To do
Examine the entries and show every line in which the word "screenshot" is found.

++++++++++

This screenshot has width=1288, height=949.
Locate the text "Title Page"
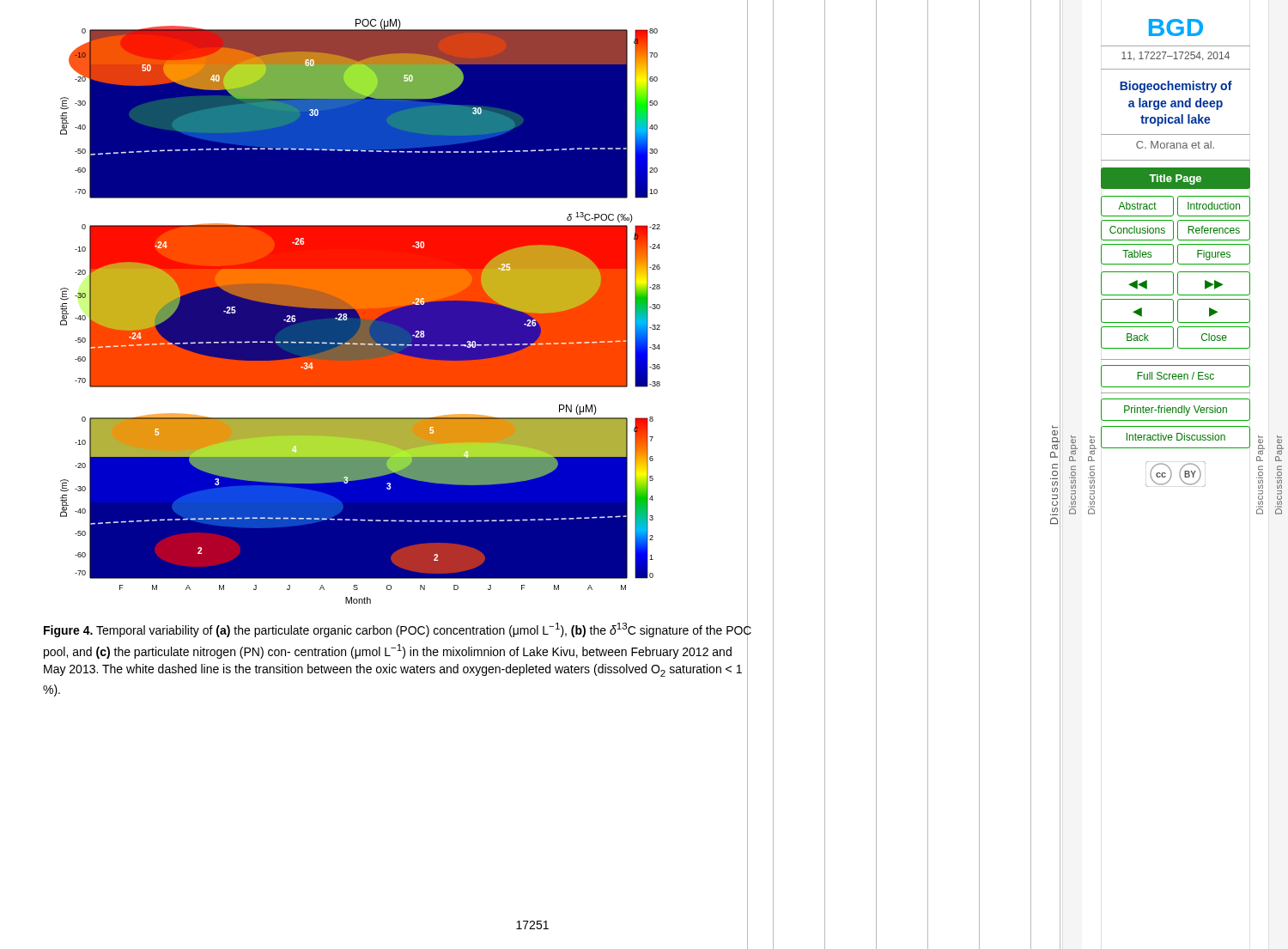pyautogui.click(x=1176, y=178)
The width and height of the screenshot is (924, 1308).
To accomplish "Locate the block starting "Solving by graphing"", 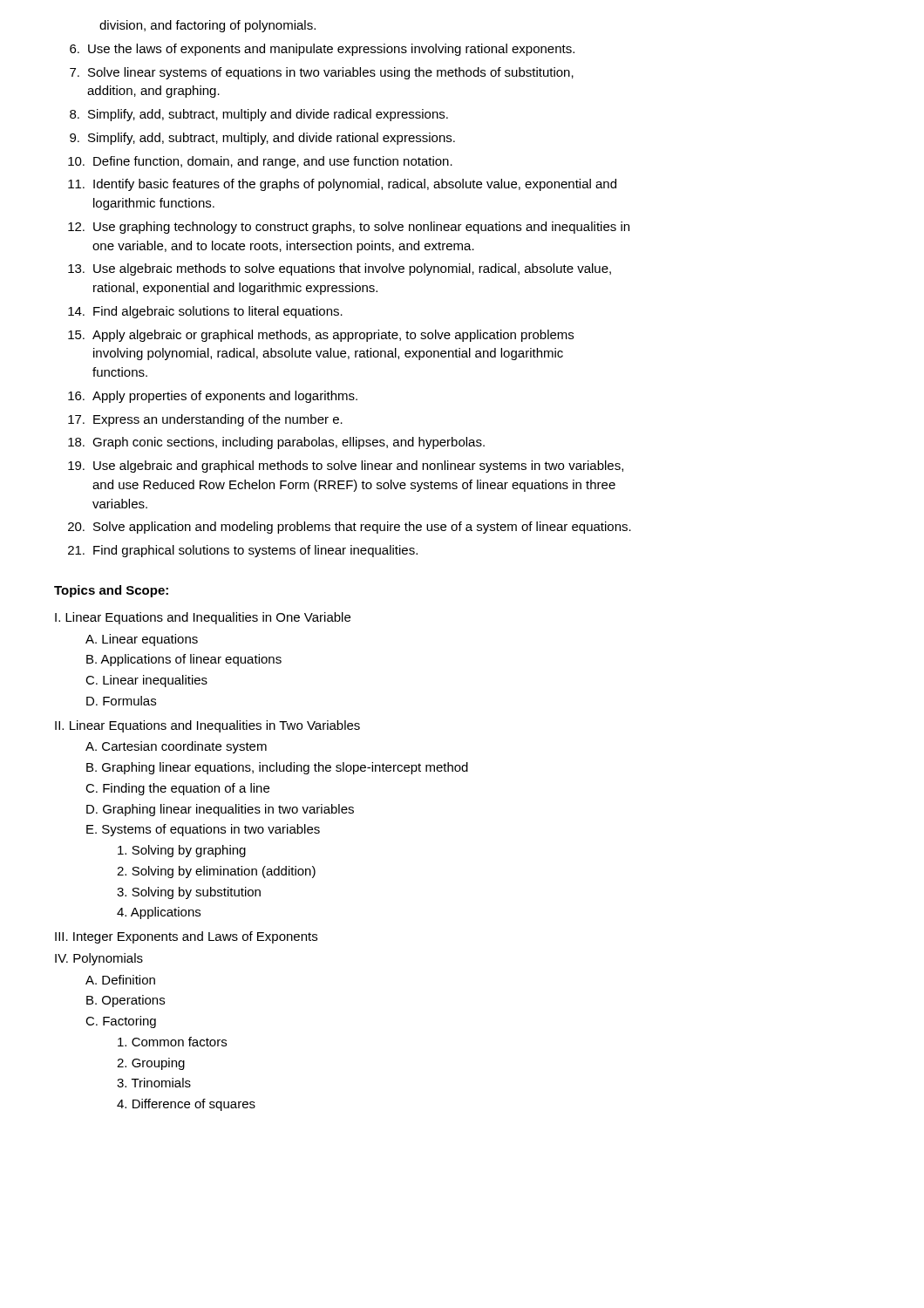I will click(x=182, y=850).

++++++++++

Your response
This screenshot has width=1288, height=949.
The width and height of the screenshot is (924, 1308).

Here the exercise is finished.